> _Task to complete_
Repeat verbatim, and only, the lines of the data below, beginning at the line that contains "yaw. Units: m, deg." and stopping after the line that contains "- round machined part [282,190,319,255]".

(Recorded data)
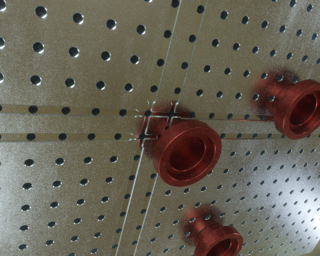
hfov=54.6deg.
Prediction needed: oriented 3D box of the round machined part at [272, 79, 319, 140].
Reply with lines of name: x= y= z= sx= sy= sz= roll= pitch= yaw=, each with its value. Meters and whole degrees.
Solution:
round machined part: x=0.223 y=-0.033 z=0.500 sx=0.099 sy=0.042 sz=0.097 roll=-14 pitch=124 yaw=-21

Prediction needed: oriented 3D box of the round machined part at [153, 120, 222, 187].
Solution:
round machined part: x=0.034 y=0.031 z=0.437 sx=0.099 sy=0.042 sz=0.097 roll=-14 pitch=124 yaw=-21

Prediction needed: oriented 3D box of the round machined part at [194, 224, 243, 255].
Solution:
round machined part: x=0.107 y=0.224 z=0.596 sx=0.099 sy=0.042 sz=0.097 roll=-14 pitch=124 yaw=-21
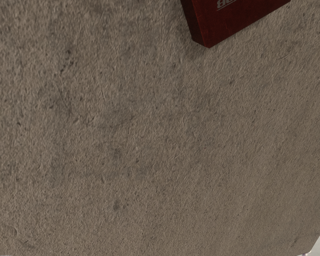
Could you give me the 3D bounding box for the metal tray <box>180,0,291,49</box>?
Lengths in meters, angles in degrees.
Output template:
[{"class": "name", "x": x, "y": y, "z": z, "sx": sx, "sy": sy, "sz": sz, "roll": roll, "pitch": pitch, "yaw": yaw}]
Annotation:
[{"class": "metal tray", "x": 0.088, "y": -0.162, "z": 0.353, "sx": 0.131, "sy": 0.030, "sz": 0.090, "roll": -32, "pitch": 129, "yaw": -8}]
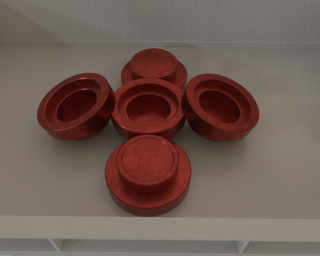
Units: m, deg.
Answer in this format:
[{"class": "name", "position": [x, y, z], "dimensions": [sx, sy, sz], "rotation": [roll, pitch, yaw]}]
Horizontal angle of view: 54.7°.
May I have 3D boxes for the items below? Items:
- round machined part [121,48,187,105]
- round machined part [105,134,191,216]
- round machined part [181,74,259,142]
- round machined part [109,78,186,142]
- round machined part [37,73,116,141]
[{"class": "round machined part", "position": [-0.009, -0.081, 0.460], "dimensions": [0.099, 0.042, 0.098], "rotation": [0, 50, 0]}, {"class": "round machined part", "position": [-0.013, 0.046, 0.353], "dimensions": [0.099, 0.042, 0.098], "rotation": [0, 50, 0]}, {"class": "round machined part", "position": [0.073, -0.021, 0.399], "dimensions": [0.099, 0.042, 0.098], "rotation": [11, 49, -13]}, {"class": "round machined part", "position": [-0.015, -0.018, 0.406], "dimensions": [0.099, 0.042, 0.098], "rotation": [0, 50, 0]}, {"class": "round machined part", "position": [-0.102, -0.023, 0.400], "dimensions": [0.098, 0.042, 0.098], "rotation": [-11, 48, 13]}]
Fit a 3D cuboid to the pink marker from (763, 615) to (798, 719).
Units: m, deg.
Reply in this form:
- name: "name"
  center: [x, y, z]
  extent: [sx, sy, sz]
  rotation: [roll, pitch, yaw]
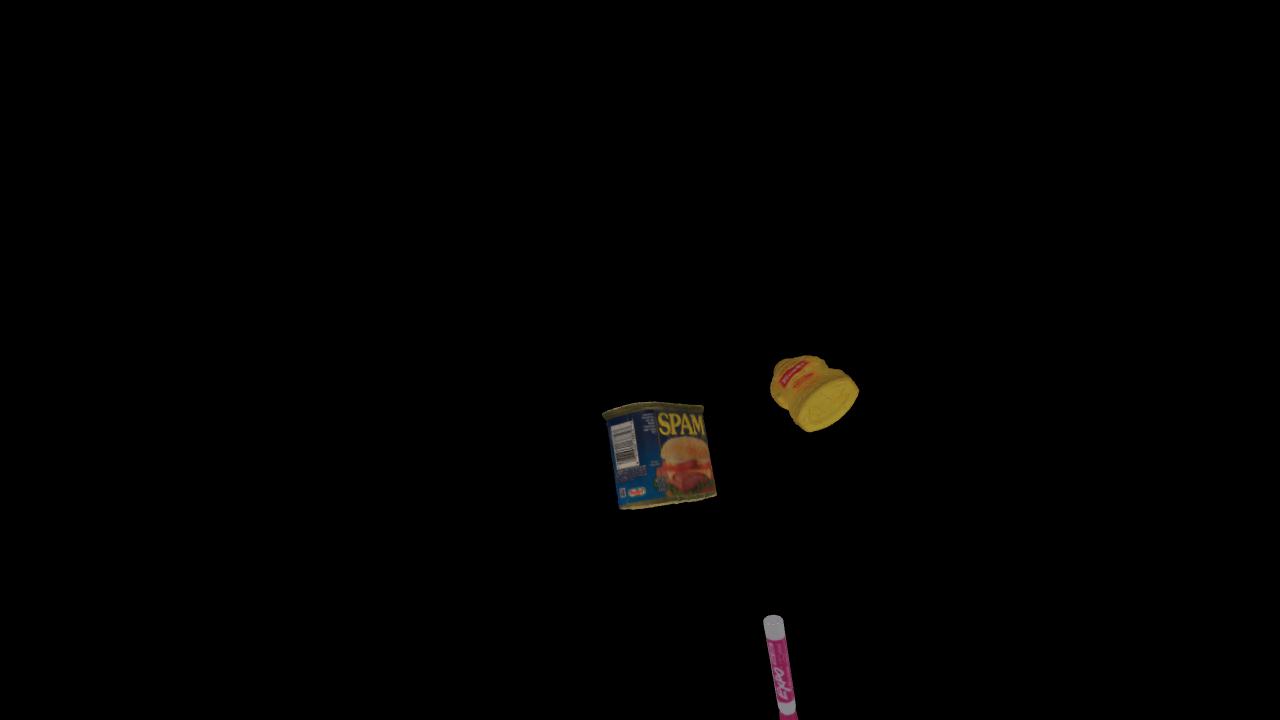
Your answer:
- name: "pink marker"
  center: [0.134, 0.301, 0.581]
  extent: [0.020, 0.121, 0.020]
  rotation: [-10, 8, 1]

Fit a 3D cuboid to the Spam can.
- name: "Spam can"
  center: [0.019, 0.085, 0.546]
  extent: [0.058, 0.085, 0.101]
  rotation: [-20, -18, 37]

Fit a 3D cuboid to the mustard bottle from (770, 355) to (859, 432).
- name: "mustard bottle"
  center: [0.231, 0.036, 0.870]
  extent: [0.054, 0.092, 0.184]
  rotation: [43, 6, -15]
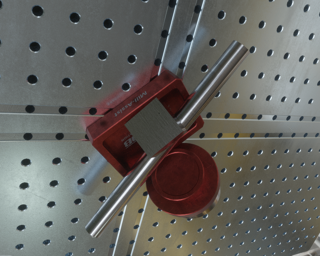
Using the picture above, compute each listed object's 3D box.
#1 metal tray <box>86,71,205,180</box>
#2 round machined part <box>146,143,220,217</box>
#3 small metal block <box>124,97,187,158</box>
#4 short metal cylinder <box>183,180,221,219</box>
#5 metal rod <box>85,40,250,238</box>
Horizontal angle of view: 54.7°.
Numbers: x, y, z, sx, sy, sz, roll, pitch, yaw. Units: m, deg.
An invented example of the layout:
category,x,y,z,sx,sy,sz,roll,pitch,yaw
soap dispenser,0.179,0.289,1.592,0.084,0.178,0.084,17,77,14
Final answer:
category,x,y,z,sx,sy,sz,roll,pitch,yaw
metal tray,-0.015,-0.001,0.400,0.130,0.030,0.090,-37,130,-4
round machined part,0.027,0.065,0.407,0.098,0.098,0.042,-39,152,-2
small metal block,-0.005,0.000,0.366,0.050,0.050,0.025,-40,168,11
short metal cylinder,0.041,0.083,0.450,0.080,0.080,0.050,-37,130,-4
metal rod,0.004,0.020,0.388,0.025,0.025,0.299,32,100,-39
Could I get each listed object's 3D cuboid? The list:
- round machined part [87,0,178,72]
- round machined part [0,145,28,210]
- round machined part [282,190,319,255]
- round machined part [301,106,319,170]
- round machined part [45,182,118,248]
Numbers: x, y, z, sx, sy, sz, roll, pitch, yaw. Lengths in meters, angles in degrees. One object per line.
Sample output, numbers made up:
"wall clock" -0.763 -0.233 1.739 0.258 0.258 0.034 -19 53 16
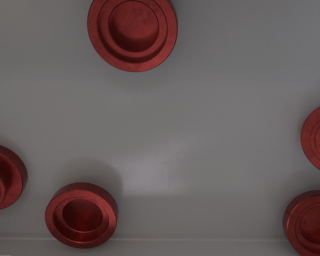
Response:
"round machined part" -0.028 -0.117 0.352 0.099 0.042 0.097 2 121 3
"round machined part" -0.239 0.073 0.423 0.099 0.042 0.097 -2 111 -4
"round machined part" 0.226 0.136 0.446 0.099 0.042 0.097 0 95 4
"round machined part" 0.226 0.014 0.382 0.098 0.042 0.097 4 96 36
"round machined part" -0.109 0.120 0.445 0.099 0.042 0.097 0 110 0
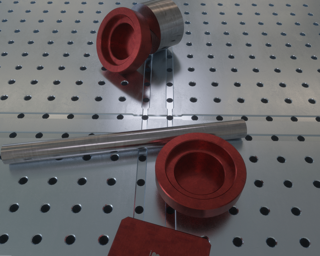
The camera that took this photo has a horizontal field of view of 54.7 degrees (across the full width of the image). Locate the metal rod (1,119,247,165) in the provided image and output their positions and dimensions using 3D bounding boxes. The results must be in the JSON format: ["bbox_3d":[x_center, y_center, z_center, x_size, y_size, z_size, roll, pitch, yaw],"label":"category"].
[{"bbox_3d":[-0.040,0.016,0.393,0.302,0.025,0.025,-6,50,-6],"label":"metal rod"}]

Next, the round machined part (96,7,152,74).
[{"bbox_3d":[-0.051,-0.134,0.485,0.098,0.097,0.042,42,26,29],"label":"round machined part"}]

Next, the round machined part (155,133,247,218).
[{"bbox_3d":[0.044,0.056,0.350,0.099,0.042,0.098,0,50,0],"label":"round machined part"}]

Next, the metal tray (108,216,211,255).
[{"bbox_3d":[-0.012,0.154,0.275,0.090,0.030,0.130,13,51,10],"label":"metal tray"}]

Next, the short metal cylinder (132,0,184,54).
[{"bbox_3d":[-0.007,-0.167,0.508,0.050,0.079,0.080,-29,56,-32],"label":"short metal cylinder"}]
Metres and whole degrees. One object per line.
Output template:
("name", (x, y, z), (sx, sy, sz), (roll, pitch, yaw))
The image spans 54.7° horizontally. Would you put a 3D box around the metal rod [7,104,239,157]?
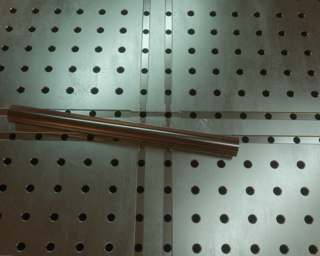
("metal rod", (-0.049, 0.003, 0.409), (0.302, 0.025, 0.025), (9, 70, 2))
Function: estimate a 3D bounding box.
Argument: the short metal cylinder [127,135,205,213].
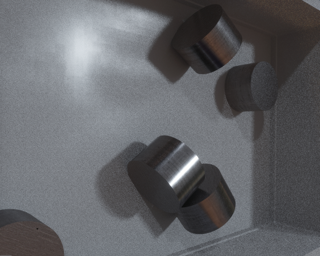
[{"bbox_3d":[0.007,0.056,0.377,0.050,0.080,0.080,-42,116,-32],"label":"short metal cylinder"}]

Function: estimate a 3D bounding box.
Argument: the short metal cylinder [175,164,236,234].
[{"bbox_3d":[0.054,0.093,0.416,0.080,0.080,0.050,-45,117,-31],"label":"short metal cylinder"}]

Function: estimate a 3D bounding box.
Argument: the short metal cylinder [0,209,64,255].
[{"bbox_3d":[-0.135,0.118,0.277,0.081,0.050,0.080,0,90,-40],"label":"short metal cylinder"}]

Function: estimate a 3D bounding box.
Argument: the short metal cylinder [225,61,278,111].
[{"bbox_3d":[0.154,-0.068,0.519,0.081,0.050,0.080,0,90,-40],"label":"short metal cylinder"}]

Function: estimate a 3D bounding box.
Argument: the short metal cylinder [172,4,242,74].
[{"bbox_3d":[0.064,-0.121,0.424,0.050,0.080,0.080,41,65,-33],"label":"short metal cylinder"}]
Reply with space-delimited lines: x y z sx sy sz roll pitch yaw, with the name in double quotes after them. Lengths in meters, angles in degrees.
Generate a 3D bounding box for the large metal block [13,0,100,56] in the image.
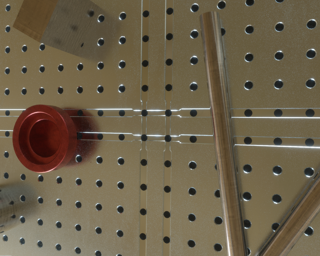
-0.141 -0.156 0.432 0.050 0.080 0.080 31 100 17 "large metal block"

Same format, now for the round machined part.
-0.165 0.015 0.460 0.098 0.042 0.097 0 90 19 "round machined part"

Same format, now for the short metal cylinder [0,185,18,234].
-0.278 0.135 0.495 0.080 0.050 0.079 0 90 19 "short metal cylinder"

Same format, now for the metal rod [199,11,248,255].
0.078 0.006 0.384 0.025 0.025 0.298 -7 88 19 "metal rod"

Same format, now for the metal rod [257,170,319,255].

> _Exercise answer_
Numbers: x, y, z, sx, sy, sz, roll, pitch, yaw. Units: m, deg.
An invented example of the layout:
category,x,y,z,sx,sy,sz,roll,pitch,yaw
soap dispenser,0.179,0.289,1.592,0.084,0.178,0.084,17,77,14
Final answer:
category,x,y,z,sx,sy,sz,roll,pitch,yaw
metal tray,-0.015,-0.001,0.400,0.130,0.030,0.090,-37,130,-4
round machined part,0.027,0.065,0.407,0.098,0.098,0.042,-39,152,-2
small metal block,-0.005,0.000,0.366,0.050,0.050,0.025,-40,168,11
short metal cylinder,0.041,0.083,0.450,0.080,0.080,0.050,-37,130,-4
metal rod,0.004,0.020,0.388,0.025,0.025,0.299,32,100,-39
Could I get each listed object's 3D cuboid? The list:
- round machined part [87,0,178,72]
- round machined part [0,145,28,210]
- round machined part [282,190,319,255]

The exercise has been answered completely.